[Task description]:
Retype every record exactly. Skip the images.
= = = = =
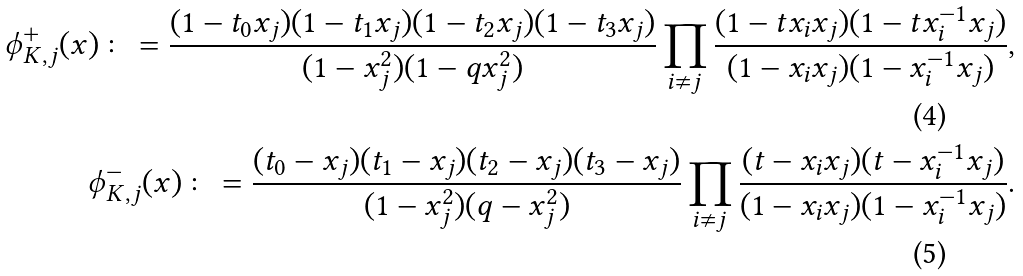Convert formula to latex. <formula><loc_0><loc_0><loc_500><loc_500>\phi _ { K , j } ^ { + } ( x ) \colon = \frac { ( 1 - t _ { 0 } x _ { j } ) ( 1 - t _ { 1 } x _ { j } ) ( 1 - t _ { 2 } x _ { j } ) ( 1 - t _ { 3 } x _ { j } ) } { ( 1 - x _ { j } ^ { 2 } ) ( 1 - q x _ { j } ^ { 2 } ) } \prod _ { i \neq j } \frac { ( 1 - t x _ { i } x _ { j } ) ( 1 - t x _ { i } ^ { - 1 } x _ { j } ) } { ( 1 - x _ { i } x _ { j } ) ( 1 - x _ { i } ^ { - 1 } x _ { j } ) } , \\ \phi _ { K , j } ^ { - } ( x ) \colon = \frac { ( t _ { 0 } - x _ { j } ) ( t _ { 1 } - x _ { j } ) ( t _ { 2 } - x _ { j } ) ( t _ { 3 } - x _ { j } ) } { ( 1 - x _ { j } ^ { 2 } ) ( q - x _ { j } ^ { 2 } ) } \prod _ { i \neq j } \frac { ( t - x _ { i } x _ { j } ) ( t - x _ { i } ^ { - 1 } x _ { j } ) } { ( 1 - x _ { i } x _ { j } ) ( 1 - x _ { i } ^ { - 1 } x _ { j } ) } .</formula> 
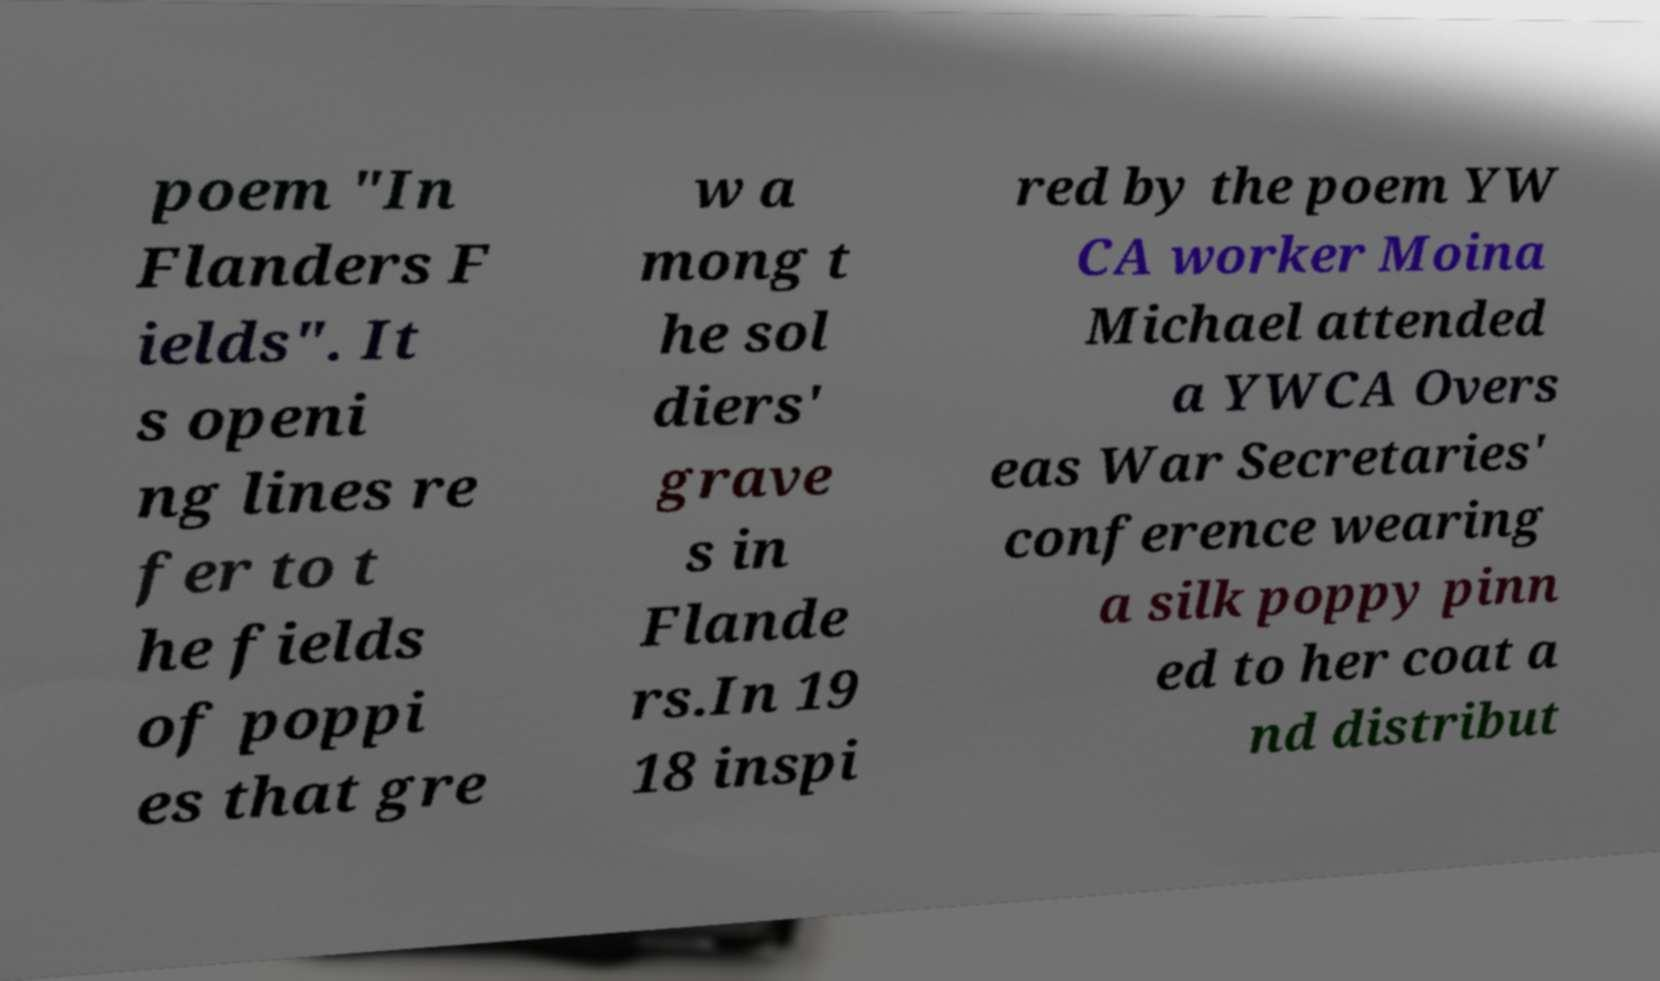For documentation purposes, I need the text within this image transcribed. Could you provide that? poem "In Flanders F ields". It s openi ng lines re fer to t he fields of poppi es that gre w a mong t he sol diers' grave s in Flande rs.In 19 18 inspi red by the poem YW CA worker Moina Michael attended a YWCA Overs eas War Secretaries' conference wearing a silk poppy pinn ed to her coat a nd distribut 
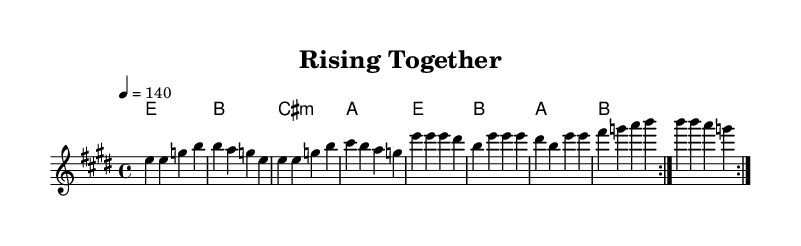What is the key signature of this music? The key signature is indicated by the sharp symbols at the beginning of the staff. In this case, there are four sharps, which means the key is E major.
Answer: E major What is the time signature of this music? The time signature can be found at the beginning of the staff next to the key signature. Here, it is shown as 4/4, which means there are four beats in each measure and the quarter note gets one beat.
Answer: 4/4 What is the tempo marking for this piece? The tempo marking is indicated in the score, showing how fast the piece should be played. In this case, it states "4 = 140," indicating the metronome marking of 140 beats per minute.
Answer: 140 How many measures are in each repeated section? The repeated sections are indicated by the volta markings. Observing the melody, we can see each repeat contains four measures, and since it repeats two times, we can conclude there are four measures in each repeated section.
Answer: 4 What musical elements are celebrated in the lyrics? The lyrics focus on themes of community support and overcoming challenges, aligning with the purpose of rehabilitation and emotional strength. The words explicitly indicate these themes through phrases associated with growth and support.
Answer: Community support What genre is this piece classified under? The stylistic elements, including the energetic tempo and rock harmonies, along with the emotional themes of support and rehabilitation, classify this piece within the rock genre.
Answer: Rock What is the function of the harmonies in this piece? The harmonies provide the underlying chord structure that supports the melody. In this score, the chord progressions are structured to create a sense of movement and resolution, typical in rock music, emphasizing the uplifting nature of the lyrics.
Answer: Support the melody 
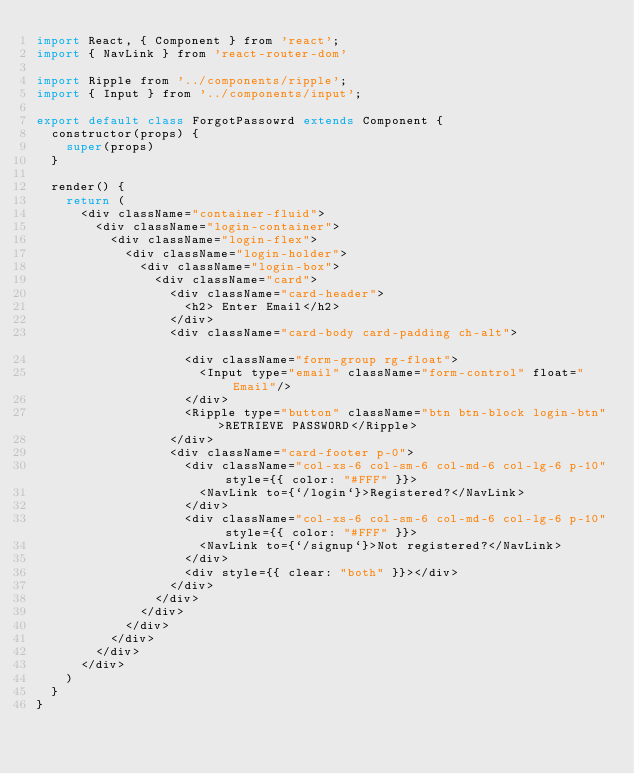Convert code to text. <code><loc_0><loc_0><loc_500><loc_500><_JavaScript_>import React, { Component } from 'react';
import { NavLink } from 'react-router-dom'

import Ripple from '../components/ripple';
import { Input } from '../components/input';

export default class ForgotPassowrd extends Component {
	constructor(props) {
		super(props)
	}

	render() {
		return (
			<div className="container-fluid">
				<div className="login-container">
					<div className="login-flex">
						<div className="login-holder">
							<div className="login-box">
								<div className="card">
									<div className="card-header">
										<h2> Enter Email</h2>
									</div>
									<div className="card-body card-padding ch-alt">																			
										<div className="form-group rg-float">
											<Input type="email" className="form-control" float="Email"/>
										</div>
										<Ripple type="button" className="btn btn-block login-btn">RETRIEVE PASSWORD</Ripple>
									</div>
									<div className="card-footer p-0">
										<div className="col-xs-6 col-sm-6 col-md-6 col-lg-6 p-10" style={{ color: "#FFF" }}>
											<NavLink to={`/login`}>Registered?</NavLink>
										</div>
										<div className="col-xs-6 col-sm-6 col-md-6 col-lg-6 p-10" style={{ color: "#FFF" }}>
											<NavLink to={`/signup`}>Not registered?</NavLink>
										</div>
										<div style={{ clear: "both" }}></div>
									</div>
								</div>
							</div>
						</div>
					</div>
				</div>
			</div>
		)
	}
}</code> 
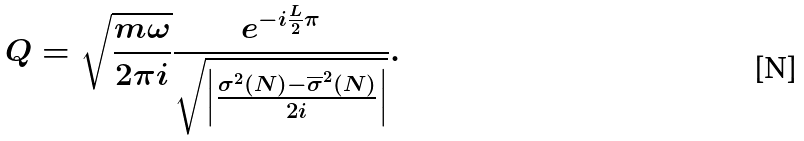<formula> <loc_0><loc_0><loc_500><loc_500>Q = \sqrt { \frac { m \omega } { 2 \pi i } } \frac { e ^ { - i \frac { L } { 2 } \pi } } { \sqrt { \left | \frac { \sigma ^ { 2 } ( N ) - { \overline { \sigma } } ^ { 2 } ( N ) } { 2 i } \right | } } .</formula> 
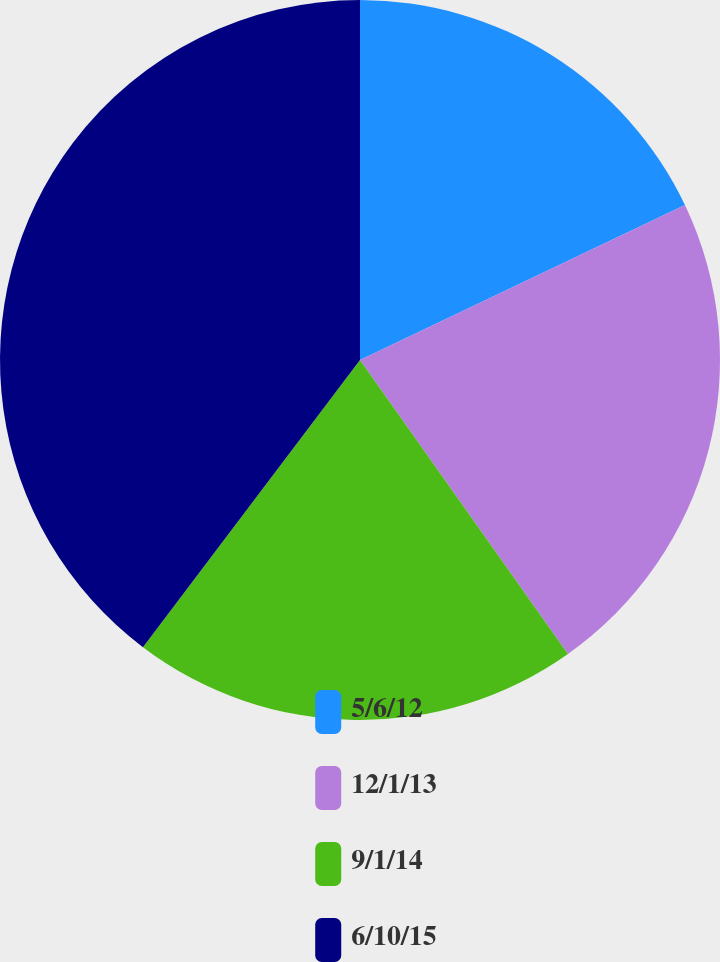Convert chart. <chart><loc_0><loc_0><loc_500><loc_500><pie_chart><fcel>5/6/12<fcel>12/1/13<fcel>9/1/14<fcel>6/10/15<nl><fcel>17.92%<fcel>22.28%<fcel>20.1%<fcel>39.7%<nl></chart>
= = = = =
[Answer to this problem]:
Convert formula to latex. <formula><loc_0><loc_0><loc_500><loc_500>\phi _ { K , j } ^ { + } ( x ) \colon = \frac { ( 1 - t _ { 0 } x _ { j } ) ( 1 - t _ { 1 } x _ { j } ) ( 1 - t _ { 2 } x _ { j } ) ( 1 - t _ { 3 } x _ { j } ) } { ( 1 - x _ { j } ^ { 2 } ) ( 1 - q x _ { j } ^ { 2 } ) } \prod _ { i \neq j } \frac { ( 1 - t x _ { i } x _ { j } ) ( 1 - t x _ { i } ^ { - 1 } x _ { j } ) } { ( 1 - x _ { i } x _ { j } ) ( 1 - x _ { i } ^ { - 1 } x _ { j } ) } , \\ \phi _ { K , j } ^ { - } ( x ) \colon = \frac { ( t _ { 0 } - x _ { j } ) ( t _ { 1 } - x _ { j } ) ( t _ { 2 } - x _ { j } ) ( t _ { 3 } - x _ { j } ) } { ( 1 - x _ { j } ^ { 2 } ) ( q - x _ { j } ^ { 2 } ) } \prod _ { i \neq j } \frac { ( t - x _ { i } x _ { j } ) ( t - x _ { i } ^ { - 1 } x _ { j } ) } { ( 1 - x _ { i } x _ { j } ) ( 1 - x _ { i } ^ { - 1 } x _ { j } ) } .</formula> 
For documentation purposes, I need the text within this image transcribed. Could you provide that? poem "In Flanders F ields". It s openi ng lines re fer to t he fields of poppi es that gre w a mong t he sol diers' grave s in Flande rs.In 19 18 inspi red by the poem YW CA worker Moina Michael attended a YWCA Overs eas War Secretaries' conference wearing a silk poppy pinn ed to her coat a nd distribut 
What is the key signature of this music? The key signature is indicated by the sharp symbols at the beginning of the staff. In this case, there are four sharps, which means the key is E major.
Answer: E major What is the time signature of this music? The time signature can be found at the beginning of the staff next to the key signature. Here, it is shown as 4/4, which means there are four beats in each measure and the quarter note gets one beat.
Answer: 4/4 What is the tempo marking for this piece? The tempo marking is indicated in the score, showing how fast the piece should be played. In this case, it states "4 = 140," indicating the metronome marking of 140 beats per minute.
Answer: 140 How many measures are in each repeated section? The repeated sections are indicated by the volta markings. Observing the melody, we can see each repeat contains four measures, and since it repeats two times, we can conclude there are four measures in each repeated section.
Answer: 4 What musical elements are celebrated in the lyrics? The lyrics focus on themes of community support and overcoming challenges, aligning with the purpose of rehabilitation and emotional strength. The words explicitly indicate these themes through phrases associated with growth and support.
Answer: Community support What genre is this piece classified under? The stylistic elements, including the energetic tempo and rock harmonies, along with the emotional themes of support and rehabilitation, classify this piece within the rock genre.
Answer: Rock What is the function of the harmonies in this piece? The harmonies provide the underlying chord structure that supports the melody. In this score, the chord progressions are structured to create a sense of movement and resolution, typical in rock music, emphasizing the uplifting nature of the lyrics.
Answer: Support the melody 
Convert code to text. <code><loc_0><loc_0><loc_500><loc_500><_JavaScript_>import React, { Component } from 'react';
import { NavLink } from 'react-router-dom'

import Ripple from '../components/ripple';
import { Input } from '../components/input';

export default class ForgotPassowrd extends Component {
	constructor(props) {
		super(props)
	}

	render() {
		return (
			<div className="container-fluid">
				<div className="login-container">
					<div className="login-flex">
						<div className="login-holder">
							<div className="login-box">
								<div className="card">
									<div className="card-header">
										<h2> Enter Email</h2>
									</div>
									<div className="card-body card-padding ch-alt">																			
										<div className="form-group rg-float">
											<Input type="email" className="form-control" float="Email"/>
										</div>
										<Ripple type="button" className="btn btn-block login-btn">RETRIEVE PASSWORD</Ripple>
									</div>
									<div className="card-footer p-0">
										<div className="col-xs-6 col-sm-6 col-md-6 col-lg-6 p-10" style={{ color: "#FFF" }}>
											<NavLink to={`/login`}>Registered?</NavLink>
										</div>
										<div className="col-xs-6 col-sm-6 col-md-6 col-lg-6 p-10" style={{ color: "#FFF" }}>
											<NavLink to={`/signup`}>Not registered?</NavLink>
										</div>
										<div style={{ clear: "both" }}></div>
									</div>
								</div>
							</div>
						</div>
					</div>
				</div>
			</div>
		)
	}
}</code> 
<formula> <loc_0><loc_0><loc_500><loc_500>Q = \sqrt { \frac { m \omega } { 2 \pi i } } \frac { e ^ { - i \frac { L } { 2 } \pi } } { \sqrt { \left | \frac { \sigma ^ { 2 } ( N ) - { \overline { \sigma } } ^ { 2 } ( N ) } { 2 i } \right | } } .</formula> 
Convert chart. <chart><loc_0><loc_0><loc_500><loc_500><pie_chart><fcel>5/6/12<fcel>12/1/13<fcel>9/1/14<fcel>6/10/15<nl><fcel>17.92%<fcel>22.28%<fcel>20.1%<fcel>39.7%<nl></chart>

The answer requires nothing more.